Items from a dataset
★ ★ ★ ★ ★
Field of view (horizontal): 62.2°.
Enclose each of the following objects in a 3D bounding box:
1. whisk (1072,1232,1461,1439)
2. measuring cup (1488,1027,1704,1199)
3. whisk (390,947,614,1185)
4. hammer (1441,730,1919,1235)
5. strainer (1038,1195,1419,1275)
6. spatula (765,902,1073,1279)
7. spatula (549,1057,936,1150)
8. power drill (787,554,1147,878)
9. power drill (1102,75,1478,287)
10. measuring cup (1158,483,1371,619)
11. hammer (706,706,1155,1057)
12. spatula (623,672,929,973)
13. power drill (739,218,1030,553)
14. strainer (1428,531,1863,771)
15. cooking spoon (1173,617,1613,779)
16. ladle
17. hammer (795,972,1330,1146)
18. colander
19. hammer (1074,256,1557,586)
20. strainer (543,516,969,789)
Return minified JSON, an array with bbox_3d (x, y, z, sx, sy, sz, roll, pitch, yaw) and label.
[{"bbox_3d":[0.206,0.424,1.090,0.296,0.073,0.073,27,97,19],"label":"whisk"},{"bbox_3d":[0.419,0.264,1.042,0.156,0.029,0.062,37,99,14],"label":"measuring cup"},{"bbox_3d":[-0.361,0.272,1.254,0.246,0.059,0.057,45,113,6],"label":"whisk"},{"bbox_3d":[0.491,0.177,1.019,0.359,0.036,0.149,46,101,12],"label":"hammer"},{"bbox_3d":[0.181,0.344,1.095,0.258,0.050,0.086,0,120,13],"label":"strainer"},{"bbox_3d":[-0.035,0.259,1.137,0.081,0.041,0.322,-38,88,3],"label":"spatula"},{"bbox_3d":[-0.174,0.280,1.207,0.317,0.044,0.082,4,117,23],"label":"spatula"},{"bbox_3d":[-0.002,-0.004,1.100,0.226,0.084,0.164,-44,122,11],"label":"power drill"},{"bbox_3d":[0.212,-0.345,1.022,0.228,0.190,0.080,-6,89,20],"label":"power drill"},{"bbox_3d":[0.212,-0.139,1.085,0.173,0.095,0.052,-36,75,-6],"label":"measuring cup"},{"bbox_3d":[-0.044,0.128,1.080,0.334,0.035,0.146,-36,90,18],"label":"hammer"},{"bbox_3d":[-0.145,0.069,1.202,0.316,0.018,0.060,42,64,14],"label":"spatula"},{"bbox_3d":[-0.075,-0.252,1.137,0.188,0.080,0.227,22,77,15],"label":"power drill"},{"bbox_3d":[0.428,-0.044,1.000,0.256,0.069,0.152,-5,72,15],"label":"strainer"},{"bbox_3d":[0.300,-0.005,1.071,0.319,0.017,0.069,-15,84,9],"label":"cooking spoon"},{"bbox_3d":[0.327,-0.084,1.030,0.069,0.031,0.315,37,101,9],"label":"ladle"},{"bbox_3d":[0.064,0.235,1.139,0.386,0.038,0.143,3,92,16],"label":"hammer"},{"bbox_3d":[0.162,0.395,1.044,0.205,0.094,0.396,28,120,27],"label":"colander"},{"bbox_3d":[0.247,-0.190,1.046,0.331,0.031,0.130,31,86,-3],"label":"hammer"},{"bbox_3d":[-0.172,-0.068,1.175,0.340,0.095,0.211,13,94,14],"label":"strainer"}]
★ ★ ★ ★ ★
§ **GOAL OF THE EXERCISE**: Would you please copy out every line of the data exactly?

§ **SOLUTION FOR THIS PROBLEM**:
Field of view (horizontal): 62.2°.
Enclose each of the following objects in a 3D bounding box:
1. whisk (1072,1232,1461,1439)
2. measuring cup (1488,1027,1704,1199)
3. whisk (390,947,614,1185)
4. hammer (1441,730,1919,1235)
5. strainer (1038,1195,1419,1275)
6. spatula (765,902,1073,1279)
7. spatula (549,1057,936,1150)
8. power drill (787,554,1147,878)
9. power drill (1102,75,1478,287)
10. measuring cup (1158,483,1371,619)
11. hammer (706,706,1155,1057)
12. spatula (623,672,929,973)
13. power drill (739,218,1030,553)
14. strainer (1428,531,1863,771)
15. cooking spoon (1173,617,1613,779)
16. ladle
17. hammer (795,972,1330,1146)
18. colander
19. hammer (1074,256,1557,586)
20. strainer (543,516,969,789)
Return minified JSON, an array with bbox_3d (x, y, z, sx, sy, sz, roll, pitch, yaw) and label.
[{"bbox_3d":[0.206,0.424,1.090,0.296,0.073,0.073,27,97,19],"label":"whisk"},{"bbox_3d":[0.419,0.264,1.042,0.156,0.029,0.062,37,99,14],"label":"measuring cup"},{"bbox_3d":[-0.361,0.272,1.254,0.246,0.059,0.057,45,113,6],"label":"whisk"},{"bbox_3d":[0.491,0.177,1.019,0.359,0.036,0.149,46,101,12],"label":"hammer"},{"bbox_3d":[0.181,0.344,1.095,0.258,0.050,0.086,0,120,13],"label":"strainer"},{"bbox_3d":[-0.035,0.259,1.137,0.081,0.041,0.322,-38,88,3],"label":"spatula"},{"bbox_3d":[-0.174,0.280,1.207,0.317,0.044,0.082,4,117,23],"label":"spatula"},{"bbox_3d":[-0.002,-0.004,1.100,0.226,0.084,0.164,-44,122,11],"label":"power drill"},{"bbox_3d":[0.212,-0.345,1.022,0.228,0.190,0.080,-6,89,20],"label":"power drill"},{"bbox_3d":[0.212,-0.139,1.085,0.173,0.095,0.052,-36,75,-6],"label":"measuring cup"},{"bbox_3d":[-0.044,0.128,1.080,0.334,0.035,0.146,-36,90,18],"label":"hammer"},{"bbox_3d":[-0.145,0.069,1.202,0.316,0.018,0.060,42,64,14],"label":"spatula"},{"bbox_3d":[-0.075,-0.252,1.137,0.188,0.080,0.227,22,77,15],"label":"power drill"},{"bbox_3d":[0.428,-0.044,1.000,0.256,0.069,0.152,-5,72,15],"label":"strainer"},{"bbox_3d":[0.300,-0.005,1.071,0.319,0.017,0.069,-15,84,9],"label":"cooking spoon"},{"bbox_3d":[0.327,-0.084,1.030,0.069,0.031,0.315,37,101,9],"label":"ladle"},{"bbox_3d":[0.064,0.235,1.139,0.386,0.038,0.143,3,92,16],"label":"hammer"},{"bbox_3d":[0.162,0.395,1.044,0.205,0.094,0.396,28,120,27],"label":"colander"},{"bbox_3d":[0.247,-0.190,1.046,0.331,0.031,0.130,31,86,-3],"label":"hammer"},{"bbox_3d":[-0.172,-0.068,1.175,0.340,0.095,0.211,13,94,14],"label":"strainer"}]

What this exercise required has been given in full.